The story is that a pirate with a map meets up with another pirate with a boat and crew and they sail to the island of Ooroo where there is supposed to be treasure buried. The map they have doesn't have the location of the treasure, so they ransack the island looking for it. The captain of the boat hates the letter O and gradually tries to rid the island of it, either by taking the Os out of words, or getting rid of the things and animals that have the letter O in their names. There are good islanders that plot to defeat these evil man, and a bad islander (a lawyer of course!) who plots against his fellow islanders. There are 4 words that contain the letter O and that are important words for the islanders. They must find them all.
I found the book interesting and it reminded me of another book I read (that I enjoyed more) called Ella Minnow Pea.

Saturday 19 March 2011


Finished March 19
Pearl by Mary Gordon
This novel had been on my to-read list for some time, and I finally got around to it. The story is told by a narrator external to the story, yet who occasionally refers to their own existence, a very different outlook.
Pearl is an American studying the Irish language in Dublin. Maria is her mother. Joseph is Maria's best friend, a man who has played the role of substitute father in Pearl's life.
The story is told from the viewpoint of all three characters, yet still externally to them.

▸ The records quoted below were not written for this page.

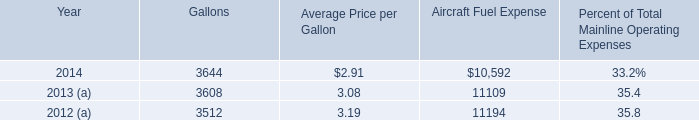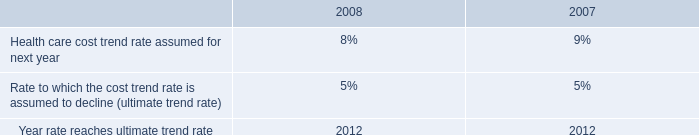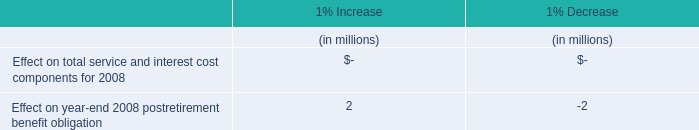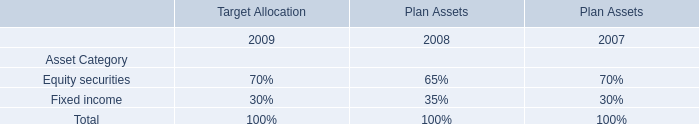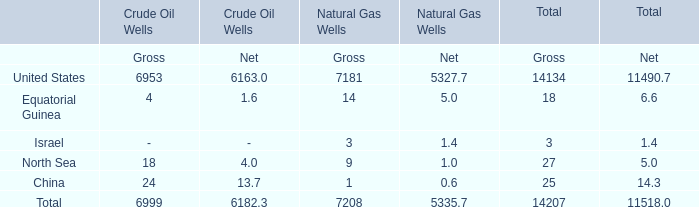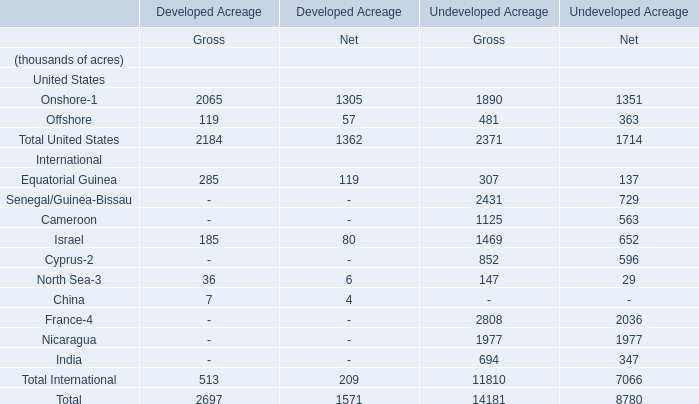In which section is United States greater than 7000？ 
Answer: Natural Gas Wells in Gross. 
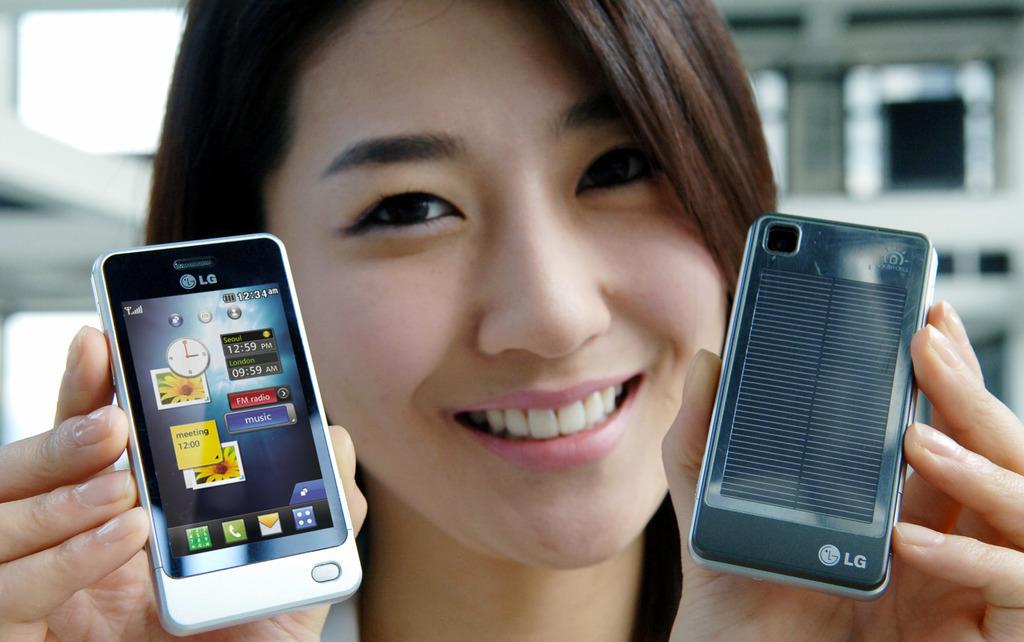What is the phone brand?
Make the answer very short. Lg. What time is the meeting?
Make the answer very short. 12:00. 
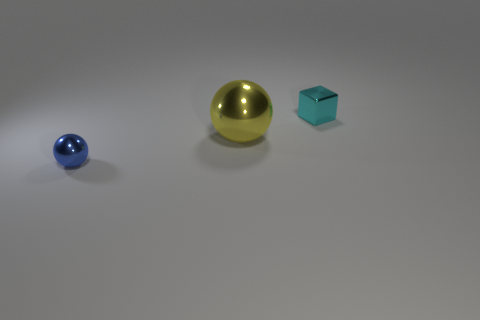How many things are big green matte cylinders or cyan cubes to the right of the large object?
Provide a short and direct response. 1. Are there any other things that have the same material as the blue object?
Give a very brief answer. Yes. What material is the large ball?
Your answer should be very brief. Metal. Does the cyan block have the same material as the tiny blue sphere?
Offer a terse response. Yes. How many metallic things are cyan things or large yellow things?
Give a very brief answer. 2. What is the shape of the metallic object that is in front of the big yellow metal object?
Provide a succinct answer. Sphere. The yellow sphere that is made of the same material as the tiny cyan cube is what size?
Keep it short and to the point. Large. The metallic thing that is behind the small blue metal sphere and to the left of the tiny metallic block has what shape?
Keep it short and to the point. Sphere. There is a small shiny thing to the left of the cyan block; does it have the same color as the small shiny cube?
Give a very brief answer. No. There is a thing that is behind the big metal object; is it the same shape as the small thing that is to the left of the small cyan shiny thing?
Give a very brief answer. No. 
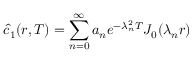Convert formula to latex. <formula><loc_0><loc_0><loc_500><loc_500>\hat { c } _ { 1 } ( r , T ) = \sum _ { n = 0 } ^ { \infty } a _ { n } e ^ { - \lambda _ { n } ^ { 2 } T } J _ { 0 } ( \lambda _ { n } r )</formula>

Pearl has become involved with a political group in Ireland and has been tutoring a dyslexic teen, when things go horribly wrong. Pearl decides that she must use her life to become a witness to the tragedies and, after starving herself, handcuffs herself to the flagpole at the American embassy. As Maria and Joseph travel to Dublin, and try to figure out how to help Pearl, we see the backgrounds of all three characters and what has brought them to this point in their lives. We also see their struggles to find the path forward.
I found this novel very interesting. It raised some relevant philosophical questions and looked at roles and relationships.

Wednesday 16 March 2011

The Incident Report

Finished March 16
The Incident Report by Martha Baillie
This novel has an intriguing format. With the narrator, Miriam, an employee of the Public Libraries of Toronto, in the Allan Gardens branch, the book begins with a form used by the library to report on incidents that take place in the library. The rest of the book is in the form of short (sometimes very short) incident reports that consist of descriptions of events that take place in the library, in her personal life, or in her past. It was a very different way to tell a story and yet it worked in a very good way. The short sections made it easy to change scenes, introduce new characters and emphasize certain events.
Of course, as a librarian, I could also relate to some of the strange encounters one has with patrons, and the rewarding ones. A very interesting read with a few surprises along the way.

Tuesday 15 March 2011


Finished March 14
Stargazing: memoirs of a young lighthouse keeper by Peter Hill
This book won the Saltire Award, but that isn't why I bought it. Amazingly the title intrigued me enough to both by it and put it on a wish list. So I ended up with two copies (am now trying to think of who should be the lucky recipient of the second copy).
In the summer of 1973 in Scotland, Peter Hill was trying to figure out what to do with his life. He'd been at art school, but wasn't feeling that it led somewhere for him. He applied and was chosen to work on lighthouses for the summer.
His experiences with the work, the companionship of the other lighthouse keepers, the solitariness of life at a lighthouse and the connectness that lighthouse keepers have with each other all fed this book.
Hill brings the life alive, from the storytelling at shift changeovers, to the interesting habits of the various lighthouse keepers, to the tales of how they came to take the jobs are all enlightening.
Lighthousekeeping is a job like no other, and today it has all but disappeared with automation. Hill tells the story as a way of keeping that history alive, and he succeeds brilliantly.

Children's Fiction

Finished March 13
I couldn't sleep so I sat up and read a pile of kid's books I've been considering for gifts. And they were all winners!
I started with The Death Defying Pepper Roux by Geraldine McCaughrean. This book follows a young boy in France, who has been told that he won't live until his fourteenth birthday. He has lived his life praying and following strict guidelines. As the day of his fourteenth birthday approaches, he breaks away from his life, taking on the persona of a variety of others as he runs from his supposed destiny. From ship's captain, to delicatessen worker, to journalist, to telegram boy, to the foreign legion, he finds himself friends, allies, and adventures. A great tale of belief, self-reliance, and perception.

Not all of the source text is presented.